Intanto ieri l’assessore all’istruzione della Regione ha illustrato i dati sull’andamento dell’epidemia in ambito scolastico. “La ripresa delle lezioni in presenza al 50%, dal 18 gennaio, finora non registra particolari criticità” lo ha detto l’assessore all’istruzione Elena Chiorino riferendo alla quarta e sesta commissione riunite in seduta congiunta alle quali ha riassunto le iniziative intraprese per il rientro in aula in sicurezza. L’assessore, riferiscono dalla Regione, ha anche fornito i dati dei positivi sulla base dei tamponi effettuati per il contact tracing: tra il personale docente ci sono 372 positivi, con 472 in quarantena; tra il personale non docente i positivi sono 169, con 324 in quarantena. Gli studenti positivi sono 1763, quelli in quarantena sono 3748.
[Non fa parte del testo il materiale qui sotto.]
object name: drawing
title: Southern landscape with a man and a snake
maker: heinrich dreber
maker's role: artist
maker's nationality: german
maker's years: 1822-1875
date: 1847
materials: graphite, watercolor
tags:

L’assessore Chiorino ha poi riferito sui primi risultati del progetto Scuola Sicura, partito il 4 gennaio per realizzare uno screening su base volontaria attraverso un tampone ogni quindici giorni al personale scolastico e ogni mese agli studenti di seconda e terza media. Il progetto costa 7 milioni di euro, i dati dal 18 al 26 gennaio riguardano il personale scolastico: 4.307 tamponi prenotati, 4.194 eseguiti e 75 positivi, una percentuale dell’1,79%. 

Sempre dalla Regione specificano che non ci sono ancora dati sugli studenti, anche per qualche problema di comunicazione tra le scuole e le famiglie che devono esprimere l’assenso. “Stiamo preparando una lettera che dovrebbe chiarire le modalità di partecipazione e aiutarla”, ha spiegato Chiorino, che si è detta disponibile a fornire aggiornamenti continui sui dati alle due Commissioni.